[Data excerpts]
━━━━━━

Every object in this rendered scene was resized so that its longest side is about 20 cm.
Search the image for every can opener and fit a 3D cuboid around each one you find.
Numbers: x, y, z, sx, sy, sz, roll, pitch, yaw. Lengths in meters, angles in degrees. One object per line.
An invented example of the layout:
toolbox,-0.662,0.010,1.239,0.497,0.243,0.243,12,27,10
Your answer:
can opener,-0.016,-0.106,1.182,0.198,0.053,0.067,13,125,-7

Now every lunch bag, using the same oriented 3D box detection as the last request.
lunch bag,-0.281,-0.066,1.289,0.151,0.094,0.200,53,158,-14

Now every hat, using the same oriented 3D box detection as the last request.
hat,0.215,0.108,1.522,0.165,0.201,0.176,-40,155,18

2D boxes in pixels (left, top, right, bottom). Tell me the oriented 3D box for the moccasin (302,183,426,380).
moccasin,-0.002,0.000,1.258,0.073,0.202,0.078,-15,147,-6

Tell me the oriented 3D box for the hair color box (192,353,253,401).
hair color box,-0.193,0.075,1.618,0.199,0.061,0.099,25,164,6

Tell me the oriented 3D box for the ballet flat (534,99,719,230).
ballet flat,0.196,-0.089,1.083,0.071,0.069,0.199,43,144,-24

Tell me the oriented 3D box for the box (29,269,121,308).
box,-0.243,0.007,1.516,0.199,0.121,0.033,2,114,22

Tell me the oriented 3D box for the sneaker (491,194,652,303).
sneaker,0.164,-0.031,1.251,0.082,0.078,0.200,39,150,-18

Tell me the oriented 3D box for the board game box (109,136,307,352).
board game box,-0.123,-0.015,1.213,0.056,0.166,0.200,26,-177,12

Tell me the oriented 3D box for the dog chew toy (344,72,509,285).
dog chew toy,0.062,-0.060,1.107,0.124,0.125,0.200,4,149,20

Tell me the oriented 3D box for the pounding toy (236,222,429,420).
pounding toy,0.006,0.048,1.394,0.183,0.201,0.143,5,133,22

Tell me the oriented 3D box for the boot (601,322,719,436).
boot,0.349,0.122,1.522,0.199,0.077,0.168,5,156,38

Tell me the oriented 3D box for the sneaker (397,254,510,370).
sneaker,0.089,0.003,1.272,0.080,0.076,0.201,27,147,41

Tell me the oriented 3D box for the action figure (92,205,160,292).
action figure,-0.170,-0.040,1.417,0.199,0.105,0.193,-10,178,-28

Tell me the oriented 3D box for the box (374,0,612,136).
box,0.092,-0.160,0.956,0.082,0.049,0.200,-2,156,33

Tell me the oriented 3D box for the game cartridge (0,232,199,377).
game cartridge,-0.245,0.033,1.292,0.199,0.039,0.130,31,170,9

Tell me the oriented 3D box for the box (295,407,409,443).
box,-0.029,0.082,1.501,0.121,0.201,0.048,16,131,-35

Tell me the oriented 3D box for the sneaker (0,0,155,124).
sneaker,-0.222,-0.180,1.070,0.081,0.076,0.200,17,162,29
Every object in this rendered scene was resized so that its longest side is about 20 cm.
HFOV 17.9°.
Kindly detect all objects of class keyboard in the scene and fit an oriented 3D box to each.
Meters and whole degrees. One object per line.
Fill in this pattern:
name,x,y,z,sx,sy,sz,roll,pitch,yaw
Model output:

━━━━━━

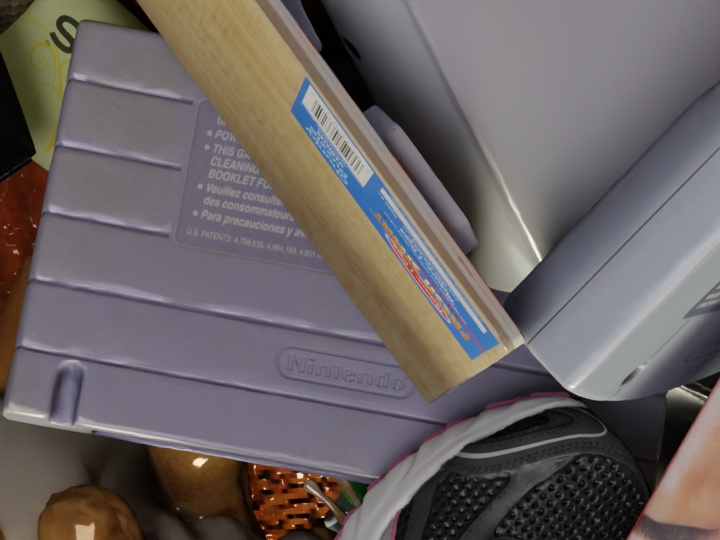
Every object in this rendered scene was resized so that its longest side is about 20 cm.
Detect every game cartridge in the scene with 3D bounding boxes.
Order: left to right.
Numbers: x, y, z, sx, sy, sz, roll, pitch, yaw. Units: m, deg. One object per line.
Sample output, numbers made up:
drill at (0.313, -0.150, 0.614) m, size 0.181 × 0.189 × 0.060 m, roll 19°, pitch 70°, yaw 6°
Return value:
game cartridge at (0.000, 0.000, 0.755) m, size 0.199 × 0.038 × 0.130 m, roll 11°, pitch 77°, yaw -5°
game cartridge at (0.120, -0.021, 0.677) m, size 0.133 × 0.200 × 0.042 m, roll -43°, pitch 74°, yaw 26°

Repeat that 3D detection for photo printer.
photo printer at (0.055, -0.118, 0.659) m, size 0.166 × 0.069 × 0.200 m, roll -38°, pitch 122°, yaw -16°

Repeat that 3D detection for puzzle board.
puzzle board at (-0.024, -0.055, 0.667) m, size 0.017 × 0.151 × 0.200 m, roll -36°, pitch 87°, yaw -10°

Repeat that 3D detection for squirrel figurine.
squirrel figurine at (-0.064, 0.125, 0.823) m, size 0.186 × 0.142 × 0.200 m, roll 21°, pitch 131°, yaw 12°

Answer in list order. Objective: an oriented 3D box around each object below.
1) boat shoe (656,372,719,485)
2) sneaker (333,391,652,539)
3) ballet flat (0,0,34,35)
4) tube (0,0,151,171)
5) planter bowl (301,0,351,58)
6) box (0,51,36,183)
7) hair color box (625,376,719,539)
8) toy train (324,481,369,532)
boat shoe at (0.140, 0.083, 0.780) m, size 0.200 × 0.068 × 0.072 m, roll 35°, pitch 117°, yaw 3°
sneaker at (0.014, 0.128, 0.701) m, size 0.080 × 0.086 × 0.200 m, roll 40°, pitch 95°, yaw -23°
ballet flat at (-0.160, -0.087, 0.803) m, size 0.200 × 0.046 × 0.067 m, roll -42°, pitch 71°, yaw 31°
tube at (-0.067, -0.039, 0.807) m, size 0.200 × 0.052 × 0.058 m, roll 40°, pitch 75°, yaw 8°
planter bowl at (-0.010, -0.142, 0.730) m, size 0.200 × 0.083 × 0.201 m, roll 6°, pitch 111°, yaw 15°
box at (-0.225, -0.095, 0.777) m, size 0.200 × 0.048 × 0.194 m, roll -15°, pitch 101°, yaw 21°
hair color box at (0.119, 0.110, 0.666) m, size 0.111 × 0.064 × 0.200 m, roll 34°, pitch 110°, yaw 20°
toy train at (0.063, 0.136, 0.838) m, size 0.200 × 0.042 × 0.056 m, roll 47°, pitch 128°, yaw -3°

━━━━━━

[Exercise description] Return, from the data, each line where the string "output" occurs.

[Result of the exercise]
Model output:
Sample output, numbers made up:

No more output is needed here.